Each June, Americans rightfully honor the bravery and sacrifice of
the men who invaded Normandy in 1944. Recently, however, this celebration
has too often lapsed into a solipsistic and deeply flawed revision of the
U.S. role in World War II, which leads to equally self-congratulatory but
far more dangerous conclusions about America's purpose in the world
today. If Americans are to get a more balanced view of their history and
their global role, we should remember another June anniversary: today,
the 59th anniversary of Germany's invasion of Russia.
A national mythology has emerged that in 1941 the United States,
appalled by the horrific policies of the Nazis, deliberately embarked on
a crusade to rid the world of Hitler and to stop the Holocaust. D-Day
was, according to this version of events, the decisive point in the "Good
War," when American troops, piously aware of the noble cause for which
they fought, began the military operations that defeated Nazi Germany.
Having beat Hitler and made possible a better world, the United States
remains to this day what Secretary of State Madeleine Albright declares
"the indispensable nation."
Some reminders are in order.
First, of course, such a view slights the anti-Japanese dimension of
the U.S. war, which was the real reason the United States had gone to war
in the first place. Nazi Germany declared war on the United States in
accord with its treaty with Japan; only then did the U.S. declare that
Germany was its enemy too. For most Americans, the purpose of the war
remained to exact revenge on the Japanese.
Second, stopping the mass murder of the Jews didn't figure in any way
in either American war aims or conduct. As for American soldiers and
sailors, they fought the war, as historian and critic Paul Fussell
declares, "in an ideological vacuum." The war was "about your military
unit and your loyalty to it." Plainly put, they fought the war to end it
so that they could go home, a point of view entirely reasonable and even
courageous, but hardly high-minded.
As far as the U.S. contribution to defeating the Nazis goes, even
though Time magazine anointed Gen. Dwight D. Eisenhower as "The Man Who
Defeated Hitler," if any one man deserves that label, it's Soviet Army
Marshal G.K. Zhukov, or possibly Josef Stalin. The main scene of the
Nazis' defeat wasn't Normandy or anywhere else Americans fought, but
rather the Eastern Front, where the conflict was the most terrible war
fought in history. It claimed 50 million Soviet civilian deaths and 29
million Soviet military casualties. But more to the point, Americans
should recall that about 88% of all German casualties fell in the war
with Russia.
Until the Normandy invasion--from June 1941 to June 1944--almost the
whole of the Nazi war machine was concentrated in the East; and even two
months after D-Day, well over half the German army was still fighting the
Soviets. Military historians date the war's turning point two years
before D-Day when, at Stalingrad, the Soviets eradicated 50 divisions
from the Axis order of battle, or nearly one year before when, at the
Battle of Kursk, the Red Army smashed the Wehrmacht's strategic tank
force, breaking the Nazis' capacity for large-scale attack. And it was
the Red Army that liberated Auschwitz and bore down on Hitler's bunker.

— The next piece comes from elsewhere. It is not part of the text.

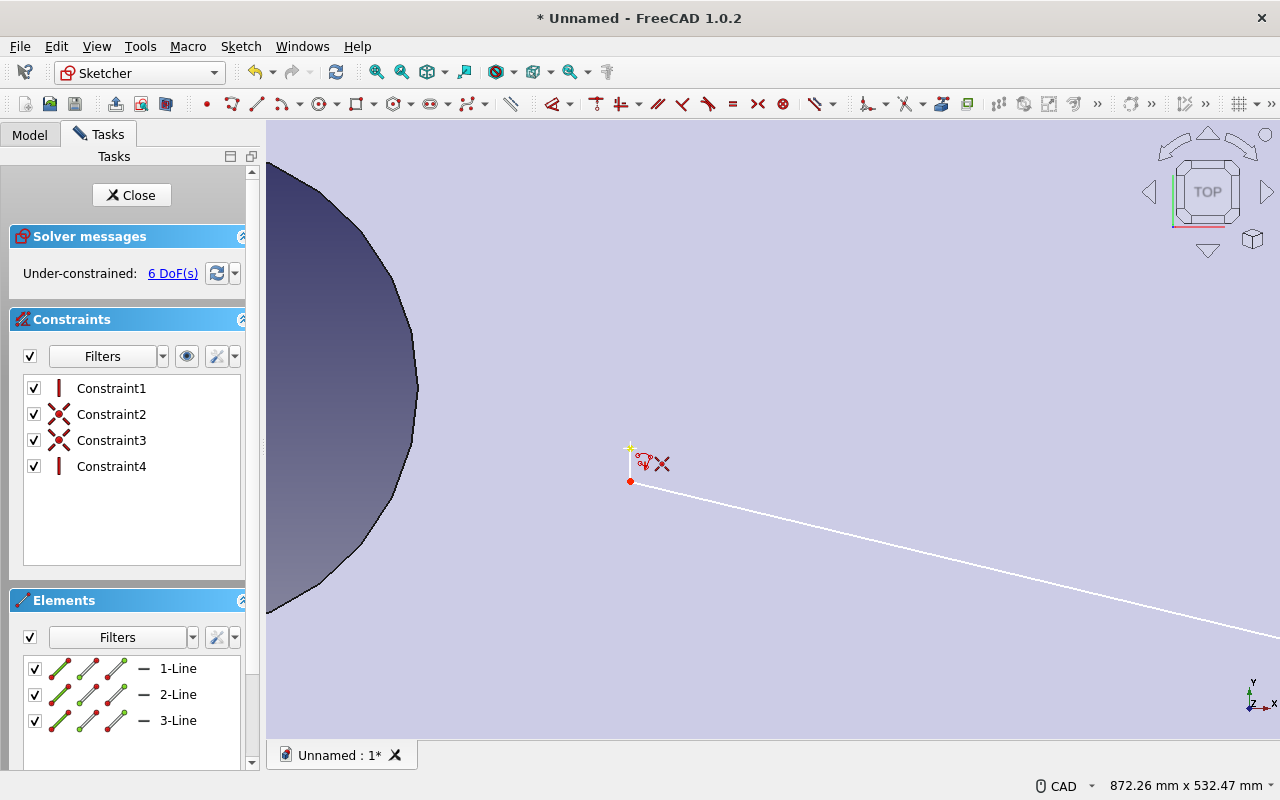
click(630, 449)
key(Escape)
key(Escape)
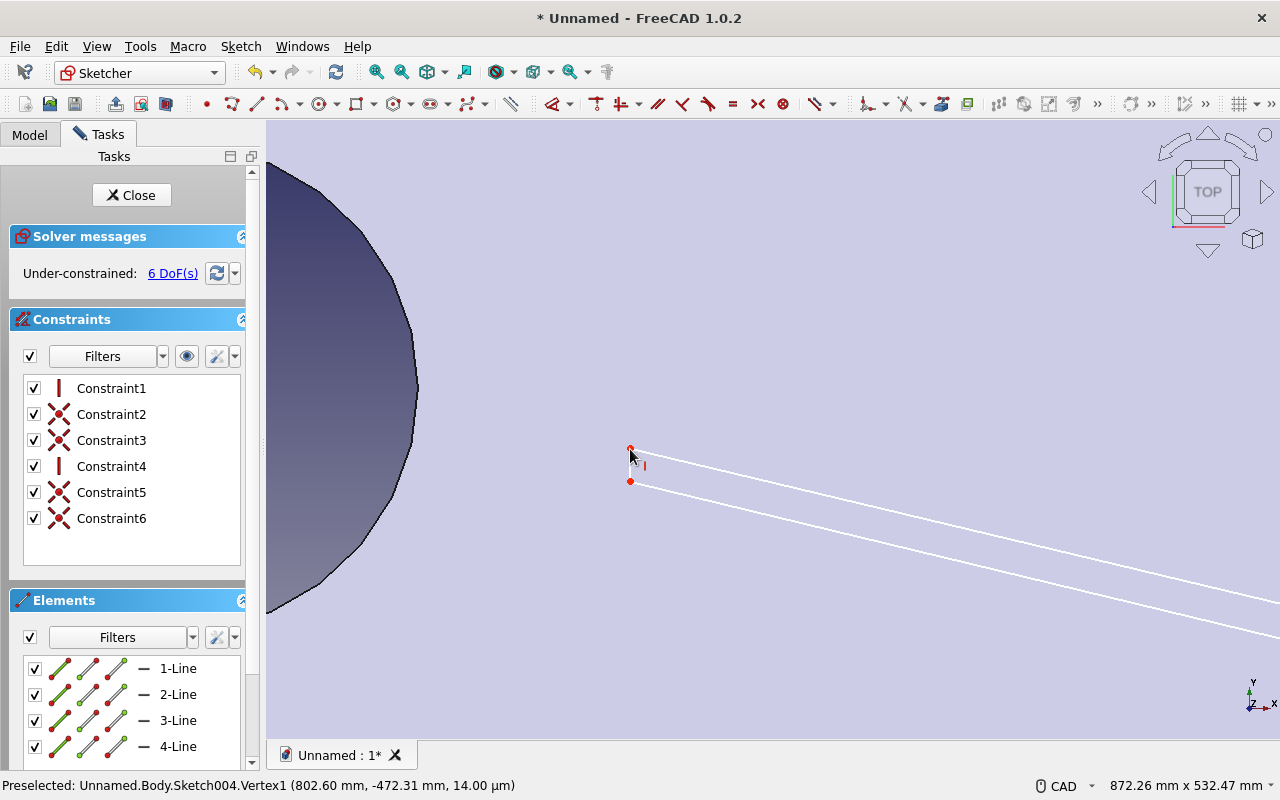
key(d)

The moral narcissism that characterizes recent American discussion of
our role in World War II breeds within too many of our statesmen a smug
and reckless pride. After all, the thinking goes, if history has shown
the United States to be so virtuous, then any that oppose us must be
evil.
Today, Americans need not honor the Russian dead as we do our own, but
we should give credit where credit is due, and we must not make
exaggerated claims for ourselves. In contemplating how our WWII role
influences our conduct in the contemporary world, Americans should
remember that self-righteousness is bad enough, but when it springs
largely from a self-serving mythology, it is insufferable.
Benjamin Schwarz Is the Literary Editor of the Atlantic Monthly.